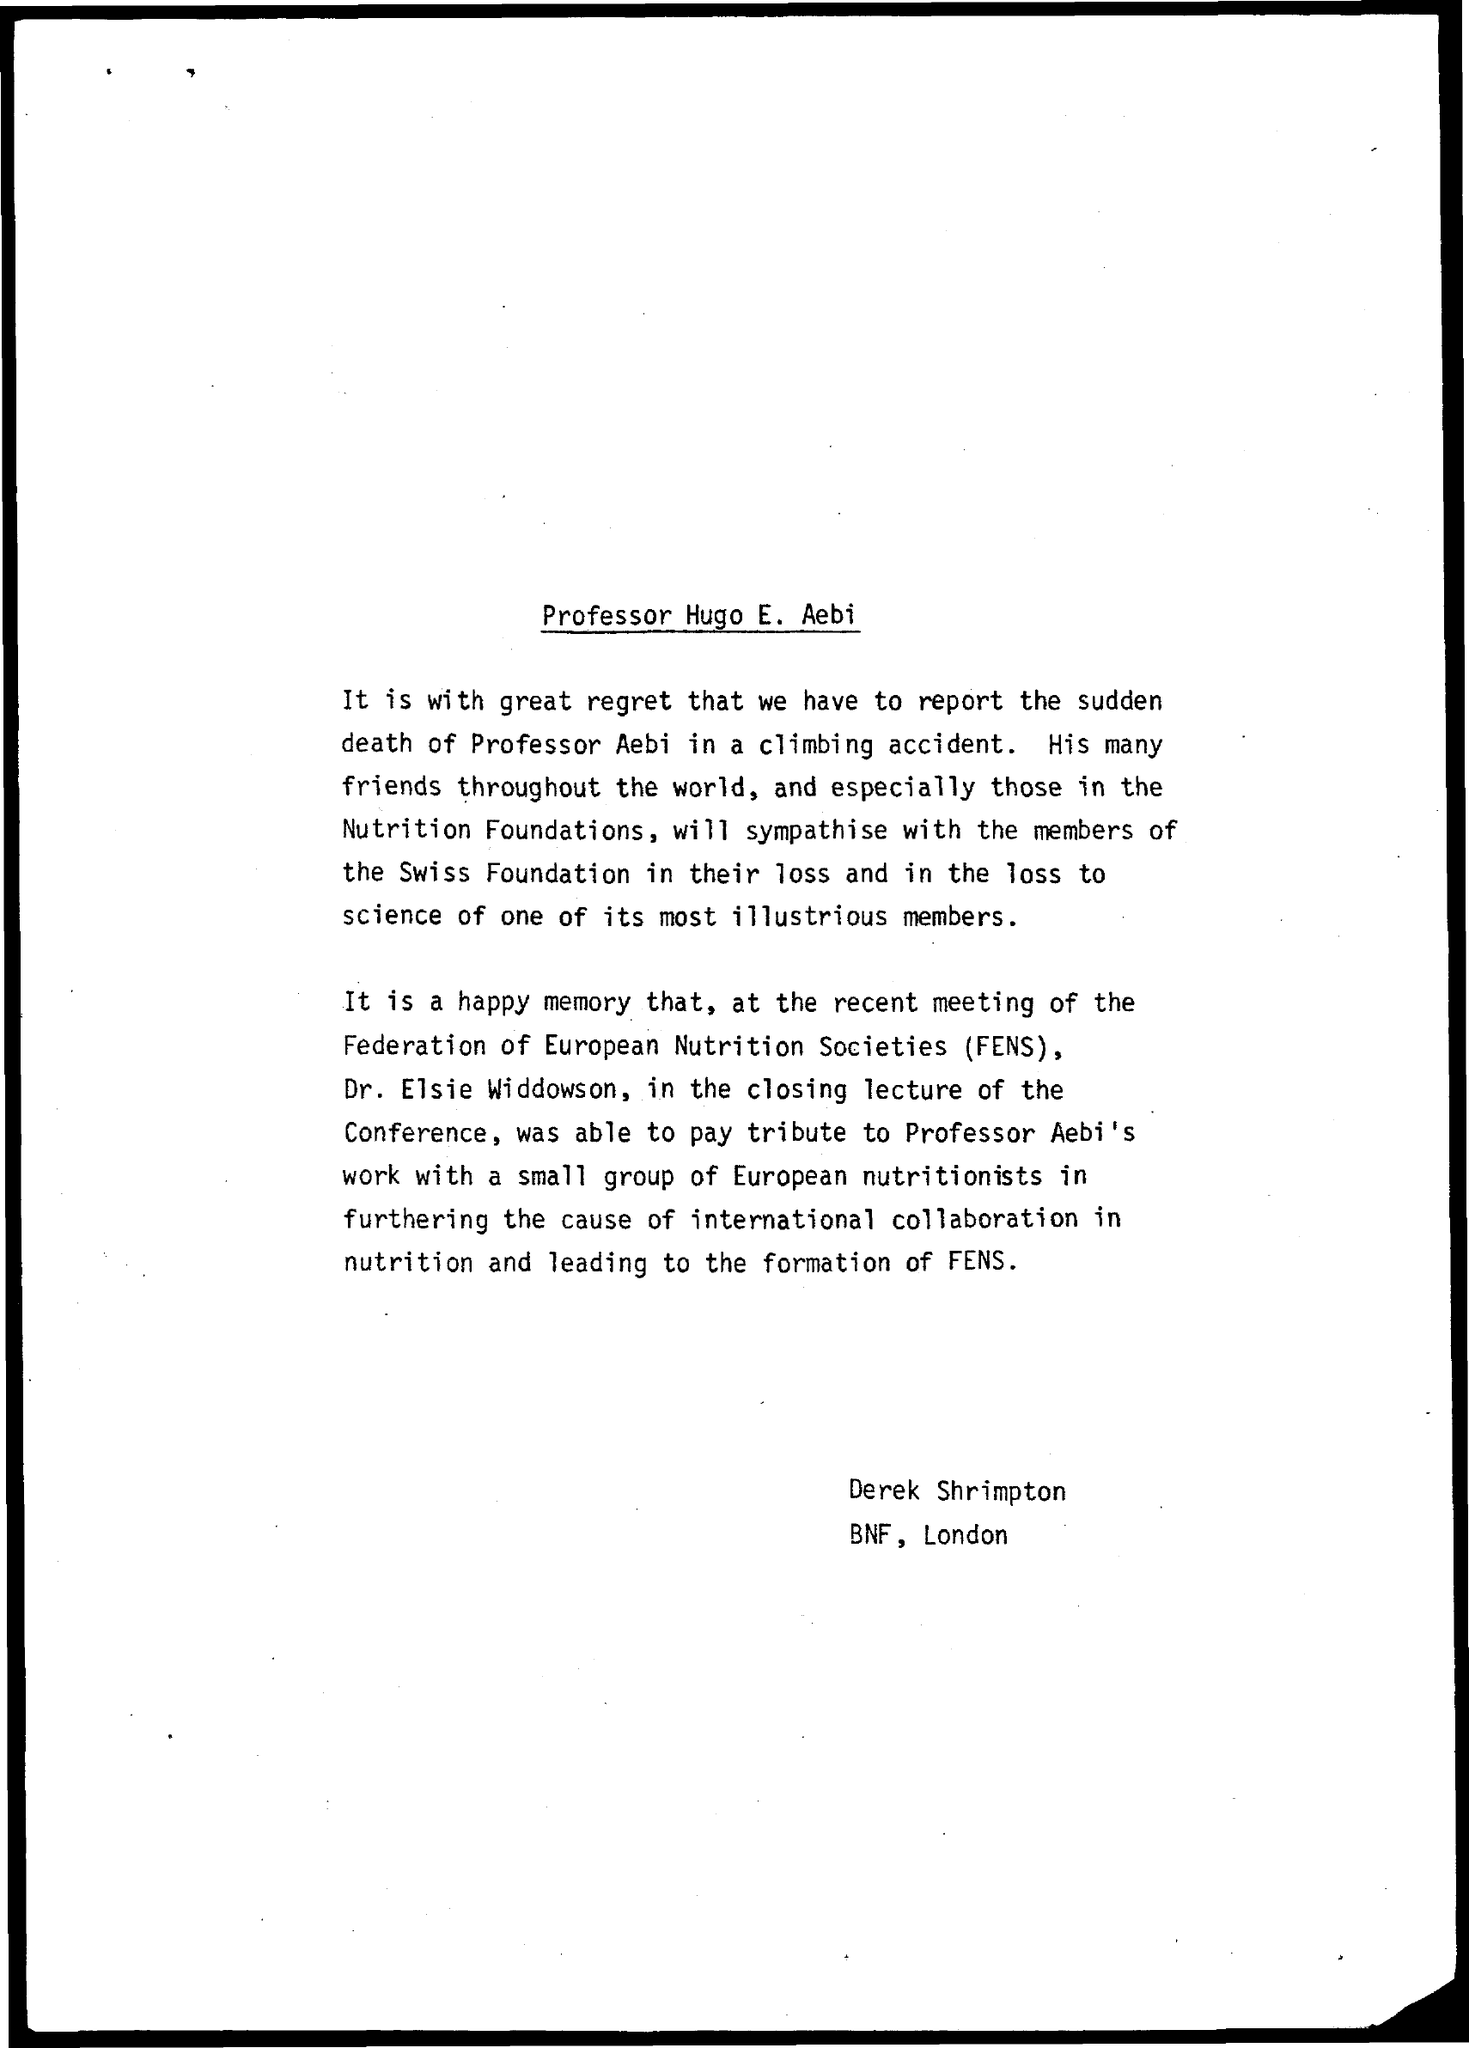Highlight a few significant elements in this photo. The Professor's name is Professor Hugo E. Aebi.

---

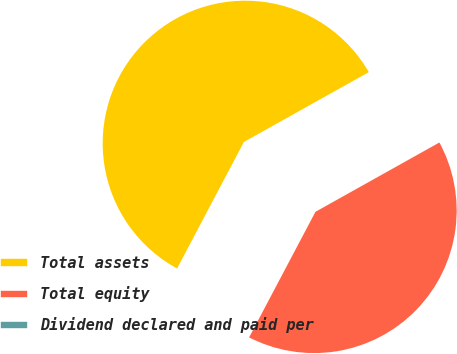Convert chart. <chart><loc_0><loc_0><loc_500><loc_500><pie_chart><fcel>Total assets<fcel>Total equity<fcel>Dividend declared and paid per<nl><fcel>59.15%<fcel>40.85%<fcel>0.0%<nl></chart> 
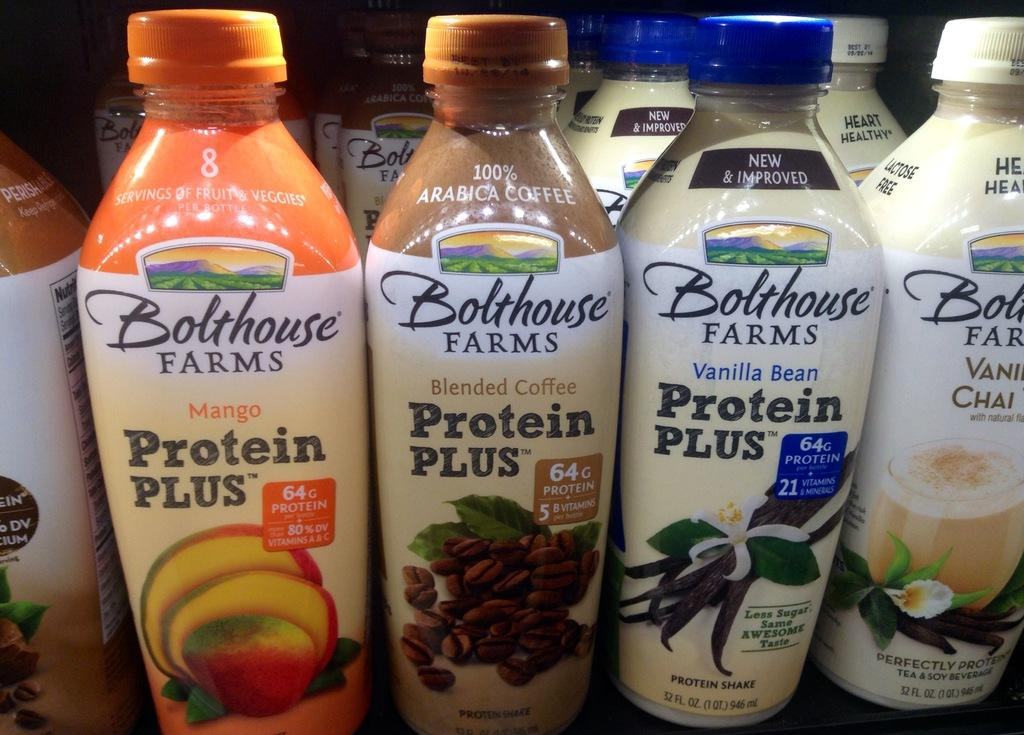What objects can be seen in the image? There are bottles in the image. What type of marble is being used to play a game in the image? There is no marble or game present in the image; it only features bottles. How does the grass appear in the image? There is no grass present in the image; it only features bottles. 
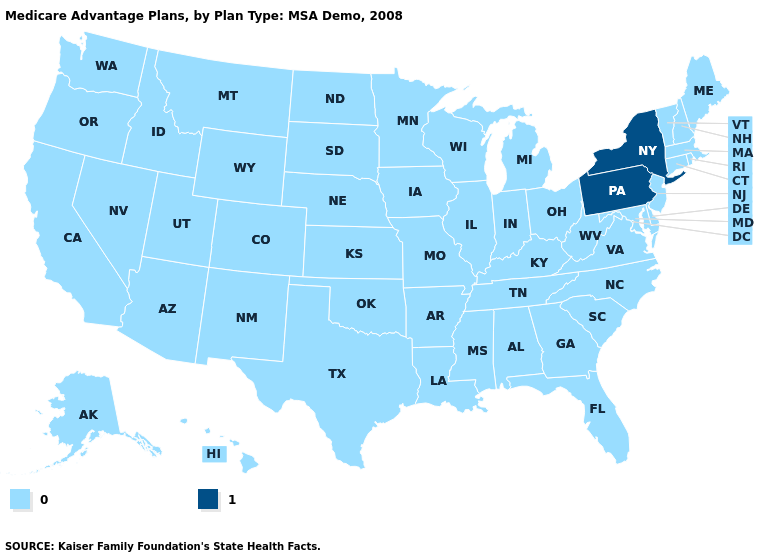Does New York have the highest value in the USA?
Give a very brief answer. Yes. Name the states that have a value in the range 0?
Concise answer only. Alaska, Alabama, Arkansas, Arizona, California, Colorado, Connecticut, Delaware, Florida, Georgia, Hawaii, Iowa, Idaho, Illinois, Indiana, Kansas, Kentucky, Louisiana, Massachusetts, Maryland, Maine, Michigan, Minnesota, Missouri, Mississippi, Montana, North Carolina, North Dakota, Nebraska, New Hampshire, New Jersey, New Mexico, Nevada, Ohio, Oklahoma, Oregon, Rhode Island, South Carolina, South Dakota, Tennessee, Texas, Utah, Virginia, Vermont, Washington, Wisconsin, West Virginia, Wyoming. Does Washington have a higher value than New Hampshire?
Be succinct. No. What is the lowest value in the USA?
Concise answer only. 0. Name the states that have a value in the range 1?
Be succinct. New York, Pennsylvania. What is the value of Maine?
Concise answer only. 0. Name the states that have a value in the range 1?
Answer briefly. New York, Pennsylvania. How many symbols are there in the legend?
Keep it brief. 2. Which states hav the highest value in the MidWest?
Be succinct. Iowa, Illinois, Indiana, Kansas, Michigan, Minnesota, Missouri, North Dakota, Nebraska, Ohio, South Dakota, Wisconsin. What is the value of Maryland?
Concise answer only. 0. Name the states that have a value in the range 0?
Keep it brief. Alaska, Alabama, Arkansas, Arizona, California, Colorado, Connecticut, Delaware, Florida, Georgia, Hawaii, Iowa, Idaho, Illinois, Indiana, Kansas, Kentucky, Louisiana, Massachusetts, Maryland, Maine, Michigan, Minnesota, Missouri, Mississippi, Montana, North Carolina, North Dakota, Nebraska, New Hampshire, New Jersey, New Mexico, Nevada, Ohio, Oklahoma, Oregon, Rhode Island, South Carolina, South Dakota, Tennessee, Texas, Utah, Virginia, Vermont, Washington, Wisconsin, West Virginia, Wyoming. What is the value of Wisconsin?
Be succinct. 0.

__REQUIRED ACTION__.
Take every line from the records that holds "Rhode" and copy it down.

__WRITTEN REPLY__.
Concise answer only. Alaska, Alabama, Arkansas, Arizona, California, Colorado, Connecticut, Delaware, Florida, Georgia, Hawaii, Iowa, Idaho, Illinois, Indiana, Kansas, Kentucky, Louisiana, Massachusetts, Maryland, Maine, Michigan, Minnesota, Missouri, Mississippi, Montana, North Carolina, North Dakota, Nebraska, New Hampshire, New Jersey, New Mexico, Nevada, Ohio, Oklahoma, Oregon, Rhode Island, South Carolina, South Dakota, Tennessee, Texas, Utah, Virginia, Vermont, Washington, Wisconsin, West Virginia, Wyoming. Does Washington have a higher value than New Hampshire?
Keep it brief. Alaska, Alabama, Arkansas, Arizona, California, Colorado, Connecticut, Delaware, Florida, Georgia, Hawaii, Iowa, Idaho, Illinois, Indiana, Kansas, Kentucky, Louisiana, Massachusetts, Maryland, Maine, Michigan, Minnesota, Missouri, Mississippi, Montana, North Carolina, North Dakota, Nebraska, New Hampshire, New Jersey, New Mexico, Nevada, Ohio, Oklahoma, Oregon, Rhode Island, South Carolina, South Dakota, Tennessee, Texas, Utah, Virginia, Vermont, Washington, Wisconsin, West Virginia, Wyoming. What is the value of Wisconsin?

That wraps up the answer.